Activity: Each entry below should be printed exactly, with every image left out.

(Entries taken from a collection)
• • • • •
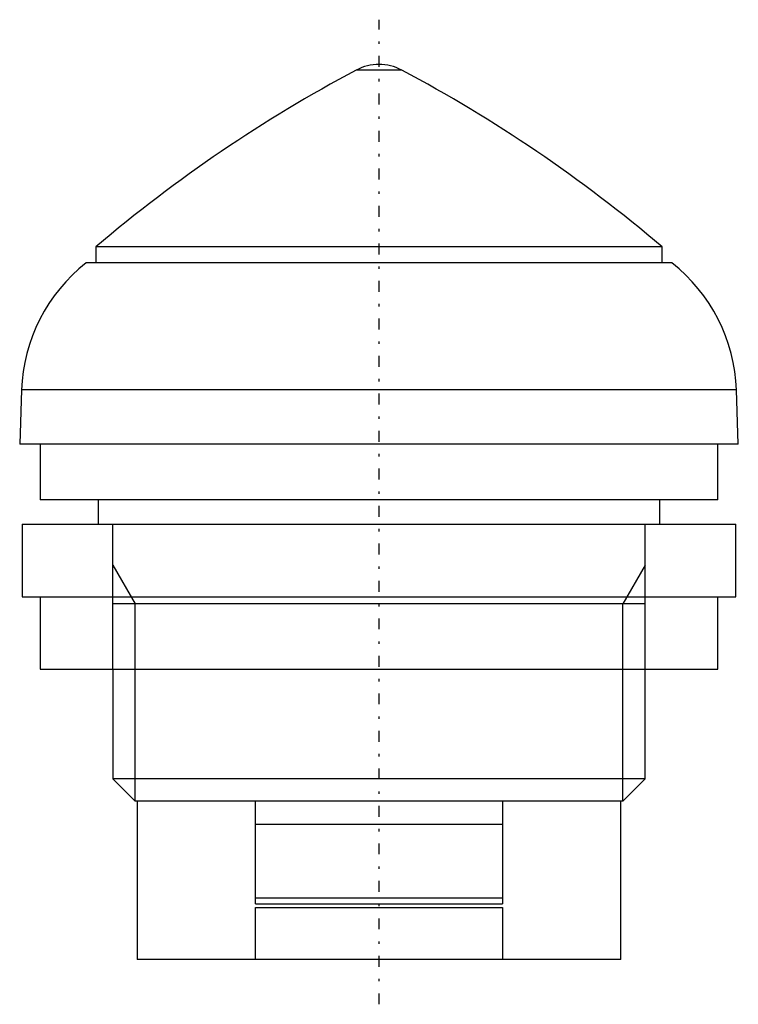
# Model space of a CAD drawing. Extents: x -14.8 to 14.8, y -1.9 to 38.8.
import ezdxf

# ---------------------------------------------------------------- set-up
doc = ezdxf.new("R2010")
doc.units = 0
doc.linetypes.add('CENTER', pattern=[1.5, 0.45, -0.5, 0.05, -0.5])
for name, color, linetype in [('AM_0', 7, 'CONTINUOUS'), ('AM_10', 7, 'CONTINUOUS'), ('AM_7', 7, 'CENTER'), ('CONNECTIONPOINTS', 1, 'CONTINUOUS')]:
    doc.layers.add(name, color=color, linetype=linetype)

msp = doc.modelspace()

# ---------------------------------------------------------------- linework, layer by layer
at = {"layer": 'AM_0', "color": 7, "linetype": 'CONTINUOUS'}
for p, q in [((0.937, 36.767), (-0.937, 36.767)), ((-11.7, 29.46), (-11.7, 28.8)), ((11.7, 29.46), (-11.7, 29.46)), ((11.7, 28.8), (11.7, 29.46)), ((12.106, 28.8), (-12.106, 28.8)), ((-14.772, 23.544), (-14.85, 21.3)), ((14.772, 23.544), (-14.772, 23.544)), ((14.85, 21.3), (14.772, 23.544)), ((14.85, 21.3), (-14.85, 21.3)), ((-14, 21.3), (-14, 19)), ((14, 19), (14, 21.3)), ((14, 19), (-14, 19)), ((-11.6, 19), (-11.6, 18)), ((11.6, 18), (11.6, 19)), ((-14.75, 18), (-14.75, 15)), ((-14.75, 18), (14.75, 18)), ((14.75, 15), (14.75, 18)), ((-14.75, 15), (14.75, 15)), ((-14, 15), (-14, 12)), ((14, 12), (14, 15)), ((-14, 12), (14, 12)), ((-11, 12), (-11, 7.47)), ((11, 7.47), (11, 12)), ((-11, 7.47), (-10.08, 6.55)), ((11, 7.47), (-11, 7.47)), ((10.08, 6.55), (11, 7.47)), ((10.08, 6.55), (-10.08, 6.55)), ((-10, 6.55), (-10, 0)), ((-5.1, 2.3), (-5.1, 6.55)), ((5.1, 6.55), (5.1, 2.3)), ((10, 0), (10, 6.55)), ((-5.1, 5.6), (5.1, 5.6)), ((-5.1, 2.55), (5.1, 2.55)), ((-5.1, 2.3), (5.1, 2.3)), ((-5.1, 0), (-5.1, 2.15)), ((-5.1, 2.15), (5.1, 2.15)), ((5.1, 2.15), (5.1, 0)), ((10, 0), (-10, 0))]:
    msp.add_line(p, q, dxfattribs=at)
for centre, radius, start, end in [((27.183, -16.236), 60, 117.94829, 130.39486), ((0, 35), 2, 62.0558, 117.9418), ((-27.183, -16.236), 60, 49.60514, 62.05171), ((-7.776, 23.3), 7, 128.2132, 178.0002), ((7.776, 23.3), 7, 1.9998, 51.7868)]:
    msp.add_arc(centre, radius, start, end, dxfattribs=at)
at = {"layer": 'AM_10', "color": 7, "linetype": 'CONTINUOUS'}
for p, q in [((-11, 12), (-11, 18)), ((11, 12), (11, 18)), ((-11, 16.3), (-10.08, 14.707)), ((11, 16.3), (10.08, 14.707)), ((11, 14.707), (-11, 14.707)), ((-10.08, 6.55), (-10.08, 14.707)), ((10.08, 6.55), (10.08, 14.707))]:
    msp.add_line(p, q, dxfattribs=at)
at = {"layer": 'AM_7', "color": 4, "linetype": 'CENTER'}
msp.add_line((0, -1.85), (0, 38.85), dxfattribs=at)
at = {"layer": 'CONNECTIONPOINTS', "color": 1, "linetype": 'CONTINUOUS'}
msp.add_point((0, 0), dxfattribs=at)

doc.saveas('drawing.dxf')
• • • • •
Written answer:
# Model space of a CAD drawing. Extents: x -14.8 to 14.8, y -1.9 to 38.8.
import ezdxf

# ---------------------------------------------------------------- set-up
doc = ezdxf.new("R2010")
doc.units = 0
doc.linetypes.add('CENTER', pattern=[1.5, 0.45, -0.5, 0.05, -0.5])
for name, color, linetype in [('AM_0', 7, 'CONTINUOUS'), ('AM_10', 7, 'CONTINUOUS'), ('AM_7', 7, 'CENTER'), ('CONNECTIONPOINTS', 1, 'CONTINUOUS')]:
    doc.layers.add(name, color=color, linetype=linetype)

msp = doc.modelspace()

# ---------------------------------------------------------------- linework, layer by layer
at = {"layer": 'AM_0', "color": 7, "linetype": 'CONTINUOUS'}
for p, q in [((0.937, 36.767), (-0.937, 36.767)), ((-11.7, 29.46), (-11.7, 28.8)), ((11.7, 29.46), (-11.7, 29.46)), ((11.7, 28.8), (11.7, 29.46)), ((12.106, 28.8), (-12.106, 28.8)), ((-14.772, 23.544), (-14.85, 21.3)), ((14.772, 23.544), (-14.772, 23.544)), ((14.85, 21.3), (14.772, 23.544)), ((14.85, 21.3), (-14.85, 21.3)), ((-14, 21.3), (-14, 19)), ((14, 19), (14, 21.3)), ((14, 19), (-14, 19)), ((-11.6, 19), (-11.6, 18)), ((11.6, 18), (11.6, 19)), ((-14.75, 18), (-14.75, 15)), ((-14.75, 18), (14.75, 18)), ((14.75, 15), (14.75, 18)), ((-14.75, 15), (14.75, 15)), ((-14, 15), (-14, 12)), ((14, 12), (14, 15)), ((-14, 12), (14, 12)), ((-11, 12), (-11, 7.47)), ((11, 7.47), (11, 12)), ((-11, 7.47), (-10.08, 6.55)), ((11, 7.47), (-11, 7.47)), ((10.08, 6.55), (11, 7.47)), ((10.08, 6.55), (-10.08, 6.55)), ((-10, 6.55), (-10, 0)), ((-5.1, 2.3), (-5.1, 6.55)), ((5.1, 6.55), (5.1, 2.3)), ((10, 0), (10, 6.55)), ((-5.1, 5.6), (5.1, 5.6)), ((-5.1, 2.55), (5.1, 2.55)), ((-5.1, 2.3), (5.1, 2.3)), ((-5.1, 0), (-5.1, 2.15)), ((-5.1, 2.15), (5.1, 2.15)), ((5.1, 2.15), (5.1, 0)), ((10, 0), (-10, 0))]:
    msp.add_line(p, q, dxfattribs=at)
for centre, radius, start, end in [((27.183, -16.236), 60, 117.94829, 130.39486), ((0, 35), 2, 62.0558, 117.9418), ((-27.183, -16.236), 60, 49.60514, 62.05171), ((-7.776, 23.3), 7, 128.2132, 178.0002), ((7.776, 23.3), 7, 1.9998, 51.7868)]:
    msp.add_arc(centre, radius, start, end, dxfattribs=at)
at = {"layer": 'AM_10', "color": 7, "linetype": 'CONTINUOUS'}
for p, q in [((-11, 12), (-11, 18)), ((11, 12), (11, 18)), ((-11, 16.3), (-10.08, 14.707)), ((11, 16.3), (10.08, 14.707)), ((11, 14.707), (-11, 14.707)), ((-10.08, 6.55), (-10.08, 14.707)), ((10.08, 6.55), (10.08, 14.707))]:
    msp.add_line(p, q, dxfattribs=at)
at = {"layer": 'AM_7', "color": 4, "linetype": 'CENTER'}
msp.add_line((0, -1.85), (0, 38.85), dxfattribs=at)
at = {"layer": 'CONNECTIONPOINTS', "color": 1, "linetype": 'CONTINUOUS'}
msp.add_point((0, 0), dxfattribs=at)

doc.saveas('drawing.dxf')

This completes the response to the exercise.